Sorry folks. I guess I’ll have to start calling this the ‘Not So Timely Tips’. It seems as though my entire garden has come alive overnight. Even the tree canopy is looking green. Those pesky weeds have already been on the move for a few weeks. Ranunculus, a/k/a Lesser Celandine and Chickweed are already making a nuisance of themselves. I know I’ll have trouble keeping up. For those of you who are interested, the botanical name for Lesser Celandine has recently changed to Ficaria verna. It’s tough enough learning the names of the plants the first time around.
The weather lately has been absolutely beautiful. Here’s hoping it sticks around for a few weeks.
Want to quickly clean your outdoor furniture? I now have the information on Mildew and Stain Removal resident on my website under Timely Tips. The formula is…
- 1 qt. liquid bleach;
- ½ c. powdered, all-purpose detergent, compatible with chlorine bleach;
- 3 qts warm water.
Be on the lookout for the fiddleheads from your ferns. If you have Ostrich Ferns to spare, these fiddleheads are edible, especially when sautéed in a little butter. I’m looking forward to a beautiful spring, and the promise of a new year.
DO…spread Holly-Tone within the drip edge of all your BROADLEAF EVERGREENS, and other acid-loving plants.
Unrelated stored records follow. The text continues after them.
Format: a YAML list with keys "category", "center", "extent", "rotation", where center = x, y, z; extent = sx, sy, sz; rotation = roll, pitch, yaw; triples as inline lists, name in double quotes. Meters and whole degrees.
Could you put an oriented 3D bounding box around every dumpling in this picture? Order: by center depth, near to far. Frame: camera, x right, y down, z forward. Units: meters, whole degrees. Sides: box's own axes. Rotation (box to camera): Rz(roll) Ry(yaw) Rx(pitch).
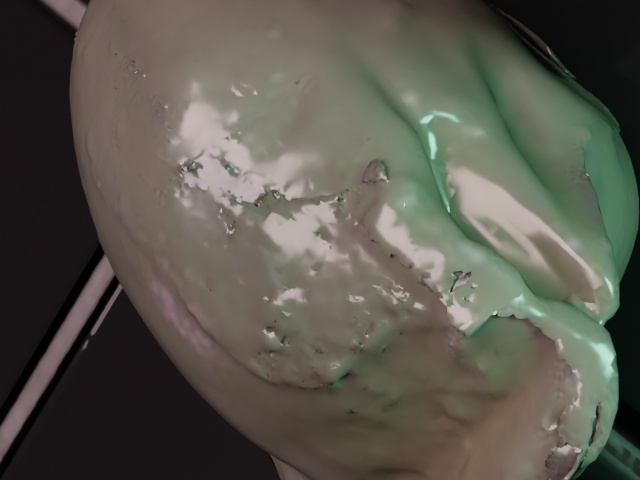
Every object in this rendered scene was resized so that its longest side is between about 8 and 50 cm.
- category: "dumpling"
  center: [0.000, 0.000, 0.466]
  extent: [0.247, 0.142, 0.172]
  rotation: [-121, 35, -42]
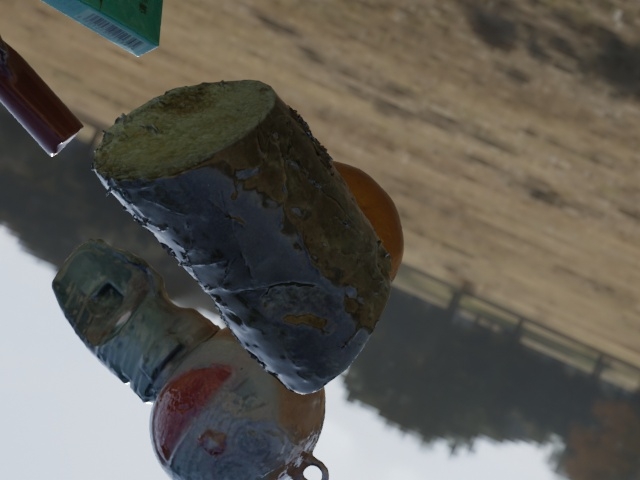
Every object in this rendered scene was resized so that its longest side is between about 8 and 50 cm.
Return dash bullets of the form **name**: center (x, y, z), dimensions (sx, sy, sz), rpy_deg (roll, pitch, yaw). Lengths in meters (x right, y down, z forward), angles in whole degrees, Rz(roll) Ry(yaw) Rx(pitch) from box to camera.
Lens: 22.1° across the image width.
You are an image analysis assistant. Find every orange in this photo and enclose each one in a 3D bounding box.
- **orange**: center (0.000, 0.000, 1.569), dimensions (0.159, 0.159, 0.136), rpy_deg (25, 141, -20)

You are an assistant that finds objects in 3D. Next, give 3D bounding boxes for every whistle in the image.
- **whistle**: center (-0.132, 0.128, 1.584), dimensions (0.348, 0.189, 0.189), rpy_deg (39, -178, 12)

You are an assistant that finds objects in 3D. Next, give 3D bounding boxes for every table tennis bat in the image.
- **table tennis bat**: center (-0.416, -0.260, 1.786), dimensions (0.415, 0.051, 0.268), rpy_deg (47, 160, -6)

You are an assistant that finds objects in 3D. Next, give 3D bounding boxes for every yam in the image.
- **yam**: center (-0.046, -0.014, 1.260), dimensions (0.254, 0.154, 0.154), rpy_deg (50, 166, -27)

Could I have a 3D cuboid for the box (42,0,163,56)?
- **box**: center (-0.245, -0.300, 1.615), dimensions (0.042, 0.161, 0.226), rpy_deg (-20, 146, 36)
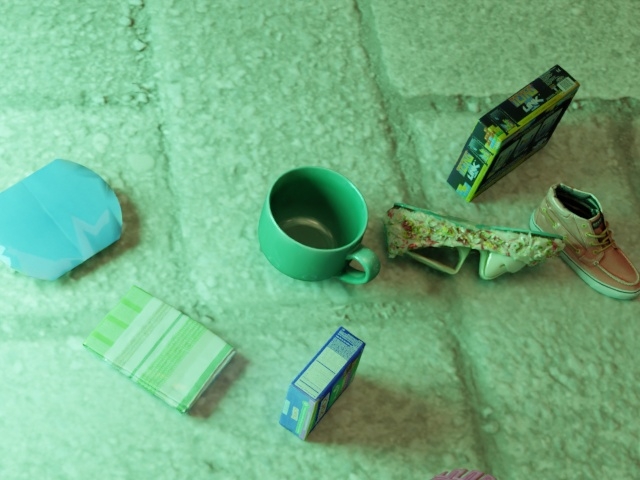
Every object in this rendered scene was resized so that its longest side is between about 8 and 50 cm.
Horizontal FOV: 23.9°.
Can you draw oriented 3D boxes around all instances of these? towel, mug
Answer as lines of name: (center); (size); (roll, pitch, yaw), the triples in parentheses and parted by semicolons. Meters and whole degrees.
towel: (-0.190, 0.129, 1.792); (0.152, 0.023, 0.113); (31, 52, 10)
mug: (-0.009, -0.003, 1.882); (0.130, 0.097, 0.157); (-6, 58, -19)

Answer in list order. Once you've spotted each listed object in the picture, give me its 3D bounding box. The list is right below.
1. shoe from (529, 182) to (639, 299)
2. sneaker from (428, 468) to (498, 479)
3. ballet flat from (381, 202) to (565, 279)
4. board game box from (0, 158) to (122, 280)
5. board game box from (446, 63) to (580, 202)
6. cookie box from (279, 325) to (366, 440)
shoe: (0.359, 0.000, 1.989); (0.178, 0.081, 0.063); (40, 55, 13)
sneaker: (0.197, 0.359, 1.688); (0.103, 0.111, 0.252); (-27, 44, -19)
ballet flat: (0.193, 0.010, 1.952); (0.241, 0.091, 0.077); (11, 84, -3)
board game box: (-0.327, -0.019, 1.850); (0.169, 0.033, 0.133); (-35, 76, -27)
board game box: (0.257, -0.144, 2.025); (0.170, 0.141, 0.048); (-35, 73, -32)
cookie box: (0.002, 0.167, 1.770); (0.040, 0.092, 0.107); (34, 55, 13)
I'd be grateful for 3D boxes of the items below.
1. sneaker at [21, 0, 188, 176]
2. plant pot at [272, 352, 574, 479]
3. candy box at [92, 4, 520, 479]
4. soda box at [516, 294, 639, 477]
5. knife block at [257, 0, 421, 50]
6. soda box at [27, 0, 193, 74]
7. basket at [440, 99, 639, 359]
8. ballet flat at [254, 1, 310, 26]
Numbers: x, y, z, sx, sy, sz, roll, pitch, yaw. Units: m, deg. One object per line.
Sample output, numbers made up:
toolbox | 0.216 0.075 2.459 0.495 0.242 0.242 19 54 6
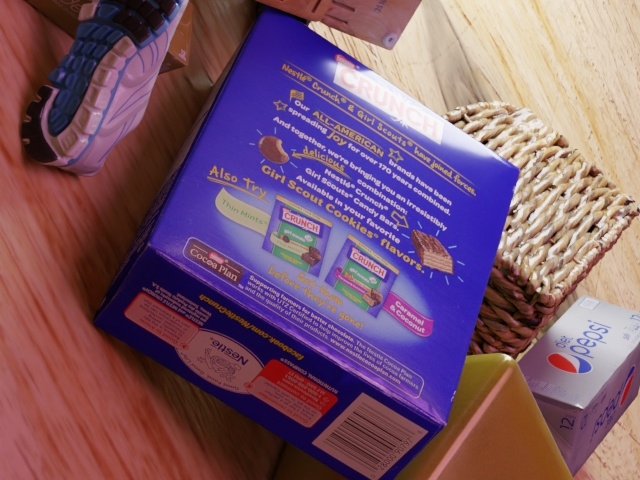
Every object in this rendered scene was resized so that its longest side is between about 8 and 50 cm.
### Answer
sneaker | -0.151 -0.132 1.489 0.191 0.071 0.083 -57 152 -3
plant pot | 0.073 0.238 1.631 0.187 0.212 0.212 -46 117 -40
candy box | 0.000 0.000 1.577 0.268 0.122 0.317 33 44 -9
soda box | 0.259 0.152 2.023 0.286 0.091 0.098 -35 140 -61
knife block | -0.020 -0.274 1.724 0.275 0.088 0.242 14 23 -43
soda box | -0.176 -0.196 1.530 0.181 0.058 0.061 38 48 -47
basket | 0.137 0.017 1.921 0.213 0.223 0.299 41 32 7
ballet flat | -0.035 -0.162 1.755 0.057 0.049 0.173 36 48 -46
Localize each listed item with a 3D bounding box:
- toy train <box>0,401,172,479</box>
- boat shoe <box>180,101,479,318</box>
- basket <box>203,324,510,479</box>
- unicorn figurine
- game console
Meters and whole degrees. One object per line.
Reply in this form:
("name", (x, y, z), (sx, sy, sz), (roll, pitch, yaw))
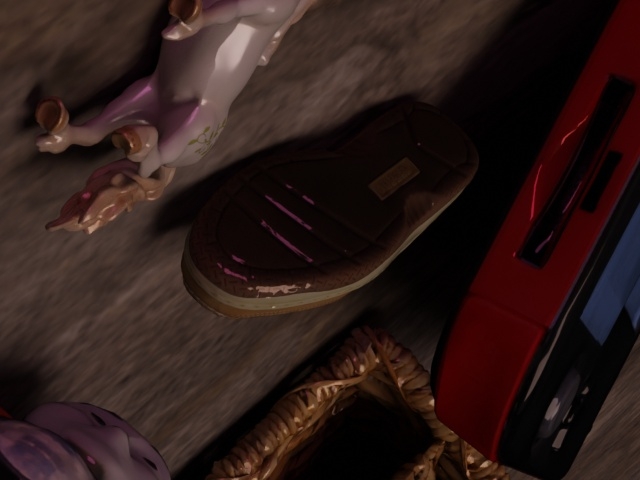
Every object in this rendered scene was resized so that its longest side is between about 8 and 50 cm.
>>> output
("toy train", (-0.181, 0.198, 0.698), (0.334, 0.142, 0.190), (-54, 172, 10))
("boat shoe", (0.000, 0.000, 0.800), (0.190, 0.068, 0.072), (-25, 161, -49))
("basket", (0.002, 0.243, 1.012), (0.299, 0.213, 0.223), (-42, 161, -25))
("unicorn figurine", (-0.031, -0.071, 0.623), (0.162, 0.060, 0.111), (-39, 166, 25))
("game console", (0.192, -0.048, 0.996), (0.386, 0.060, 0.342), (-62, 160, -3))
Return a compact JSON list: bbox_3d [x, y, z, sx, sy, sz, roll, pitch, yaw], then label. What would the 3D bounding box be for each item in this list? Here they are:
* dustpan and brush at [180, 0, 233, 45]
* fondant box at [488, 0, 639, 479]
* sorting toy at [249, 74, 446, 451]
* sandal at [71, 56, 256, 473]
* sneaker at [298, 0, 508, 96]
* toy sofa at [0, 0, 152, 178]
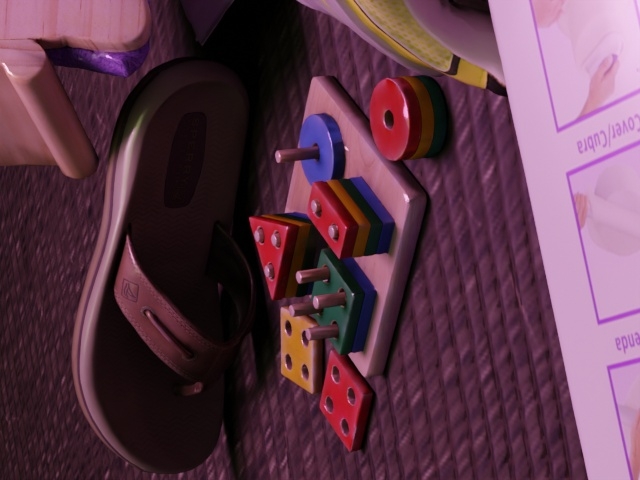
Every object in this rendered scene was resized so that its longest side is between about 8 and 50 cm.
[{"bbox_3d":[-0.064,-0.249,1.171,0.147,0.060,0.211,-46,62,51],"label":"dustpan and brush"},{"bbox_3d":[0.176,-0.036,0.509,0.096,0.238,0.330,-28,72,62],"label":"fondant box"},{"bbox_3d":[0.000,0.000,1.103,0.132,0.046,0.274,55,144,44],"label":"sorting toy"},{"bbox_3d":[-0.093,0.030,1.232,0.086,0.120,0.302,32,125,41],"label":"sandal"},{"bbox_3d":[0.022,-0.194,0.588,0.147,0.145,0.384,39,168,31],"label":"sneaker"},{"bbox_3d":[-0.179,-0.232,1.221,0.150,0.177,0.362,79,-169,-67],"label":"toy sofa"}]
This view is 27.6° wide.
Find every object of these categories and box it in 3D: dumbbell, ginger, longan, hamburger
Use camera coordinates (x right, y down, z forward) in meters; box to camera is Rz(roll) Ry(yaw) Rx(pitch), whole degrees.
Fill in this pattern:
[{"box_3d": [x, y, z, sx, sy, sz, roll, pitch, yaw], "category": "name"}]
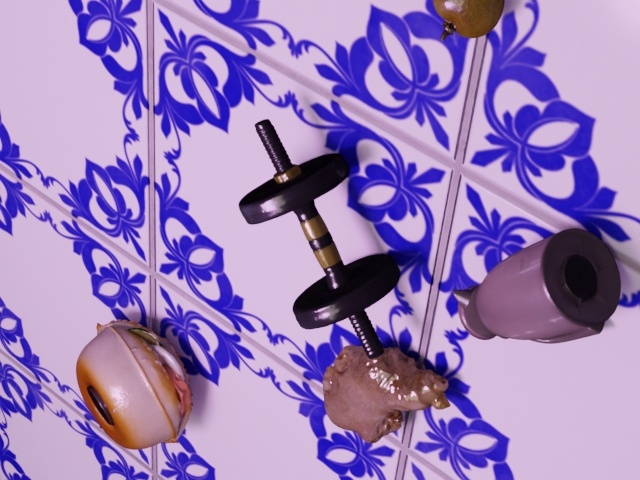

DO…spread Plant-Tone within the drip edge of all other plants, but I usually limit myself to a liberal broadcast among all of my PERENNIALS.
DO YOU HAVE HOSTAS OR OTHER LARGE LEAF PLANTS?….If you have ever noticed holes in the leaves, this is usually caused by slugs. Ortho makes a product called Slug Bait which you broadcast over the area, and is effective for several weeks before reapplication is necessary. Another good option is to create a continuous ring around the base of the plant with DIATOMACEOUS EARTH. This fine white or off-white powder is the ground fossilized remains of diatoms, a type of hard-shelled algae. It causes the slugs to dehydrate and die. I generally find that one application in the beginning of the season is all that is needed. After 1 or 2 rains, the white ring is no longer visible. Be sure to use gloves when handling this substance.
HELLEBORUS…DO remove foliage from last season. This winter it took a beating, and the foliage is already in bad shape.
HYDRANGEAS…Folks are always asking when to cut back the Hydrangeas. First, it’s important to know which ones you have. The Annabelle Hydrangea/Hydrangea arborescens ‘Annabelle’, blooms in late spring on new wood. This should be cut back to 12-18” HT now in order to encourage the really large flower heads you love. If you forget to cut them back, the plant will be fine, but the flower heads will be a bit smaller.
The Oakleaf Hydrangea / Hydrangea quercifolia blooms in the spring, and pruning should wait until after flowering. The Bigleaf Hydrangea/ Hydrangea macrophylla tends to be the most popular since it blooms in the summer and appears to stay in bloom all summer long. The older varieties bloom on second year wood, and I normally prune these in August/September in order to give the plant time to set new flower buds before winter hits. There is an exception to this rule. Wait until the buds start to break in the spring, and then cut back to just before a healthy bud break. A few seasoned gardeners have enjoyed success with this method.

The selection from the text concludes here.